_TASK INSTRUCTIONS_
Copy exactly the stretch of data below from the line with "3) metal tray at [165, 0, 256, 96]" through the line with "Use one line per object with the name", including both of those lines.

============================================================

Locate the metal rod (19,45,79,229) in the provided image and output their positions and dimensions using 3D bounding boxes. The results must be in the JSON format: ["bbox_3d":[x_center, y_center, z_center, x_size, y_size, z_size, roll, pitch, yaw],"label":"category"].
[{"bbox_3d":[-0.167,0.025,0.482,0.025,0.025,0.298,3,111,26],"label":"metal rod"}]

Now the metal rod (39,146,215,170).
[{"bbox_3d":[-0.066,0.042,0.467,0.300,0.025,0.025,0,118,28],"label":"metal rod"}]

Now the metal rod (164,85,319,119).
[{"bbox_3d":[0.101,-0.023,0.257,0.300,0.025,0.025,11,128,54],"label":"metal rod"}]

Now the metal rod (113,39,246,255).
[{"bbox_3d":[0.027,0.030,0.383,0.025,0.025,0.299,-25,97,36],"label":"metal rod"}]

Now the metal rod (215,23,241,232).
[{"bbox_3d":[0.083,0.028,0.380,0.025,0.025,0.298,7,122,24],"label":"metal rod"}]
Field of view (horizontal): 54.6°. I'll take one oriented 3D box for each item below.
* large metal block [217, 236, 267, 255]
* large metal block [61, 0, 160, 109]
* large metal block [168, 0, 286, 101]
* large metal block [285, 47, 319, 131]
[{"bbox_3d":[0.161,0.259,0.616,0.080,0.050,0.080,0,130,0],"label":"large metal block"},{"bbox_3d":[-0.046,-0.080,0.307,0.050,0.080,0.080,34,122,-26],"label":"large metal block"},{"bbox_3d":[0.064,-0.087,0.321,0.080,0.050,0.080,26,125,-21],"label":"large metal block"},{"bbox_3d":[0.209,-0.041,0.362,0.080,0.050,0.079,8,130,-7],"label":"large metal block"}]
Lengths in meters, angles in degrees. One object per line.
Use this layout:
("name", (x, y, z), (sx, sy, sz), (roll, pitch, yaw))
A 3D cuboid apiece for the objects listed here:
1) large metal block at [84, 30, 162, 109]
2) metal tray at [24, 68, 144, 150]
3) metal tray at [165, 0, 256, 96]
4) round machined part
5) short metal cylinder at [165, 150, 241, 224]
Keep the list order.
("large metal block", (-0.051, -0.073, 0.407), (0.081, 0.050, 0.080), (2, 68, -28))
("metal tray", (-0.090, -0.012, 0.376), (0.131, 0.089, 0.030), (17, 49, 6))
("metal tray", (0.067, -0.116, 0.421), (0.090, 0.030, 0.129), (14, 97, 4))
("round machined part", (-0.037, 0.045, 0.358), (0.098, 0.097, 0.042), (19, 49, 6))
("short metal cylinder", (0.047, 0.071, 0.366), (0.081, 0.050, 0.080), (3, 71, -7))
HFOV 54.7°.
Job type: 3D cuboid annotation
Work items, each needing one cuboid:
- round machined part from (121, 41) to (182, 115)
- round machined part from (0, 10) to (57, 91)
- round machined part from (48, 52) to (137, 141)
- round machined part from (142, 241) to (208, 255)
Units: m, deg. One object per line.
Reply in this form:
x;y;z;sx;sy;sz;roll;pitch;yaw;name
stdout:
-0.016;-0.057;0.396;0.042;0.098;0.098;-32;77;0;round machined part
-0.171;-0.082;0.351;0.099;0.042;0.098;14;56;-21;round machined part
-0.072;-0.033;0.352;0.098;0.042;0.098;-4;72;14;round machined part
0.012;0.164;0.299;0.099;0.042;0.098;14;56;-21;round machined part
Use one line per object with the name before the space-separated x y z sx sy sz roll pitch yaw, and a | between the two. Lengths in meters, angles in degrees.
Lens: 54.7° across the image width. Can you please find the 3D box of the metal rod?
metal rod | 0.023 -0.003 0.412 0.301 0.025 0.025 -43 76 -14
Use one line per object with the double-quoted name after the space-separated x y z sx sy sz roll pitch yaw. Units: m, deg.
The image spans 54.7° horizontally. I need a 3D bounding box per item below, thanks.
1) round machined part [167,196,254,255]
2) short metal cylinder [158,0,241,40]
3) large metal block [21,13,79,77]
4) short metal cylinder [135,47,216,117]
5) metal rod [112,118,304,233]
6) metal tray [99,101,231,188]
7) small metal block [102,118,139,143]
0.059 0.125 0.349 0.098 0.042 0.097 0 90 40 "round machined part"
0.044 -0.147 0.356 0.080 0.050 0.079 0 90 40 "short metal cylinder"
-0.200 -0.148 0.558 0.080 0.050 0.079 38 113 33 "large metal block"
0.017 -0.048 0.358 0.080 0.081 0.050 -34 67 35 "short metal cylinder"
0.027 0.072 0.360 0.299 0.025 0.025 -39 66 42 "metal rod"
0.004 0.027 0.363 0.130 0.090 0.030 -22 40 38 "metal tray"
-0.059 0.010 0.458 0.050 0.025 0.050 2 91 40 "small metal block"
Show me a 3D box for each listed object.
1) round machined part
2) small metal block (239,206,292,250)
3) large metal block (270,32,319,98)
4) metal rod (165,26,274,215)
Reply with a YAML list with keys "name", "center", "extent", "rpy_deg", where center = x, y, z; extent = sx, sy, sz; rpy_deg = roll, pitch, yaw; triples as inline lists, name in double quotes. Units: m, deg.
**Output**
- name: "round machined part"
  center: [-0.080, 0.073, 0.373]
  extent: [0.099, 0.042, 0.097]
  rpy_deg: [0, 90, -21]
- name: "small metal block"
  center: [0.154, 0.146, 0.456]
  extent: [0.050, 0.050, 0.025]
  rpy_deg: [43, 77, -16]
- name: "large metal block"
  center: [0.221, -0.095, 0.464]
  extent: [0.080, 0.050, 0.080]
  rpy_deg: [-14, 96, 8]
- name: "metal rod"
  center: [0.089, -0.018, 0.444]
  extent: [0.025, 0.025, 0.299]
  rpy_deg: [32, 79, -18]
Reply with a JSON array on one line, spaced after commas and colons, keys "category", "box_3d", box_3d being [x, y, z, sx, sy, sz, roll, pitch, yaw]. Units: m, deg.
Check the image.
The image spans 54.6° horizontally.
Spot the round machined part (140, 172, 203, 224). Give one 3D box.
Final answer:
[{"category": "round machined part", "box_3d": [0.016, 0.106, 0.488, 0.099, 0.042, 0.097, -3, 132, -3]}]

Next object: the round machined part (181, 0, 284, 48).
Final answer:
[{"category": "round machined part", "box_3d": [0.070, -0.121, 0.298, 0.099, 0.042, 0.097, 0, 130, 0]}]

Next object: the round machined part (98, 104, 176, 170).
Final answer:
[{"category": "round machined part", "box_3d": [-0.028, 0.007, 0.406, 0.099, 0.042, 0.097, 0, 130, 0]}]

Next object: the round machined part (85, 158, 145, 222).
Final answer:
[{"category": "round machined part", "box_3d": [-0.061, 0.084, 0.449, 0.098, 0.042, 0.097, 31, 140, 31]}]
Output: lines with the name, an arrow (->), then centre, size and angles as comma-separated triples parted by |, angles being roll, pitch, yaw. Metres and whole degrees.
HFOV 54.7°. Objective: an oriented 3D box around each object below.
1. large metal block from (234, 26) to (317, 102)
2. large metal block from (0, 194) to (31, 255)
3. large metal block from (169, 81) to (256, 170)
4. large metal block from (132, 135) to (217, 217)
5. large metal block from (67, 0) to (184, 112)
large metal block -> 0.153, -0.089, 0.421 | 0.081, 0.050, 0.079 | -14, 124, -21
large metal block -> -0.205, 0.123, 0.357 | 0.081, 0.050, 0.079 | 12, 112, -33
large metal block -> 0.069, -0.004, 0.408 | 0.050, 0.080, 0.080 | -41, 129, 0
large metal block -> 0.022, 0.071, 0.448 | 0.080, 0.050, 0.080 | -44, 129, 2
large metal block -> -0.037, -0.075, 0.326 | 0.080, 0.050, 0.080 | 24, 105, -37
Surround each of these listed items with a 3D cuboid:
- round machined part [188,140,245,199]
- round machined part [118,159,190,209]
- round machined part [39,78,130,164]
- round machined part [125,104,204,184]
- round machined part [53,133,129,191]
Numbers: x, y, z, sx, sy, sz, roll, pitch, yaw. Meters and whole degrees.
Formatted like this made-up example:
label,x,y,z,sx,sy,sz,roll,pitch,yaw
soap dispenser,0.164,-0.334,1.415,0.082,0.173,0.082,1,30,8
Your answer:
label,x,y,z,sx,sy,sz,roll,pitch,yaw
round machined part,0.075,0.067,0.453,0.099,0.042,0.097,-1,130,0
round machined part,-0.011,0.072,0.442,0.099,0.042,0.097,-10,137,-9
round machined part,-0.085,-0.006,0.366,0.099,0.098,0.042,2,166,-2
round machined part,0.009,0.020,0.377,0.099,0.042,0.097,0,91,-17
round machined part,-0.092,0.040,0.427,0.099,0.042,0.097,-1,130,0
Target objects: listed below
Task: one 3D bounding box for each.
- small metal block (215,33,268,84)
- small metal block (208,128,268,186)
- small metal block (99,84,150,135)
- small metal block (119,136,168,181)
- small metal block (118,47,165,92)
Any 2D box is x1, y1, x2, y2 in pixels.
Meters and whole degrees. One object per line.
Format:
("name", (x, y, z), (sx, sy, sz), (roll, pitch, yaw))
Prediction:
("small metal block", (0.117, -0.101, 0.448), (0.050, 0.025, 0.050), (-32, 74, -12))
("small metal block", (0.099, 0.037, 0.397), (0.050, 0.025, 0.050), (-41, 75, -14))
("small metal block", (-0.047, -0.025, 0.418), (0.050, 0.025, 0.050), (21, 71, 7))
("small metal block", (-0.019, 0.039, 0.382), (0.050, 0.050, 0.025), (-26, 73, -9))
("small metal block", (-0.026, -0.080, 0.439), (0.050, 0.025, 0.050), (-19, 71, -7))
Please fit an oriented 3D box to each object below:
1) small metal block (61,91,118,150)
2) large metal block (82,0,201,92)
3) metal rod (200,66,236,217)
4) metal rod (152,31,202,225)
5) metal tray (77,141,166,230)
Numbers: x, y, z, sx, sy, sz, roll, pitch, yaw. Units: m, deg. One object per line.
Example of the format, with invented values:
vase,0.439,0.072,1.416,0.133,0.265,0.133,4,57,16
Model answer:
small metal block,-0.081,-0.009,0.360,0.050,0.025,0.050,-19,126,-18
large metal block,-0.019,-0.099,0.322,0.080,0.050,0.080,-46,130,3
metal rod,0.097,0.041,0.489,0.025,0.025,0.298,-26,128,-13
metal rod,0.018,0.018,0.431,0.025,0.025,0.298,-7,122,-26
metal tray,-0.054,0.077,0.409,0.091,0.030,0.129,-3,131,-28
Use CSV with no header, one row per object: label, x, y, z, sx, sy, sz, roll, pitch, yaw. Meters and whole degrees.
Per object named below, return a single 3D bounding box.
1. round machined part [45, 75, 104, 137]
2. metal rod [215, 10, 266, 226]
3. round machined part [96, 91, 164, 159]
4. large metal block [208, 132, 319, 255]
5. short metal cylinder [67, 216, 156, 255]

============================================================

_WRITTEN RESPONSE_
3) metal tray at [165, 0, 256, 96]
4) round machined part
5) short metal cylinder at [165, 150, 241, 224]
Keep the list order.
("large metal block", (-0.051, -0.073, 0.407), (0.081, 0.050, 0.080), (2, 68, -28))
("metal tray", (-0.090, -0.012, 0.376), (0.131, 0.089, 0.030), (17, 49, 6))
("metal tray", (0.067, -0.116, 0.421), (0.090, 0.030, 0.129), (14, 97, 4))
("round machined part", (-0.037, 0.045, 0.358), (0.098, 0.097, 0.042), (19, 49, 6))
("short metal cylinder", (0.047, 0.071, 0.366), (0.081, 0.050, 0.080), (3, 71, -7))
HFOV 54.7°.
Job type: 3D cuboid annotation
Work items, each needing one cuboid:
- round machined part from (121, 41) to (182, 115)
- round machined part from (0, 10) to (57, 91)
- round machined part from (48, 52) to (137, 141)
- round machined part from (142, 241) to (208, 255)
Units: m, deg. One object per line.
Reply in this form:
x;y;z;sx;sy;sz;roll;pitch;yaw;name
stdout:
-0.016;-0.057;0.396;0.042;0.098;0.098;-32;77;0;round machined part
-0.171;-0.082;0.351;0.099;0.042;0.098;14;56;-21;round machined part
-0.072;-0.033;0.352;0.098;0.042;0.098;-4;72;14;round machined part
0.012;0.164;0.299;0.099;0.042;0.098;14;56;-21;round machined part
Use one line per object with the name before the space-separated x y z sx sy sz roll pitch yaw, and a | between the two. Lengths in meters, angles in degrees.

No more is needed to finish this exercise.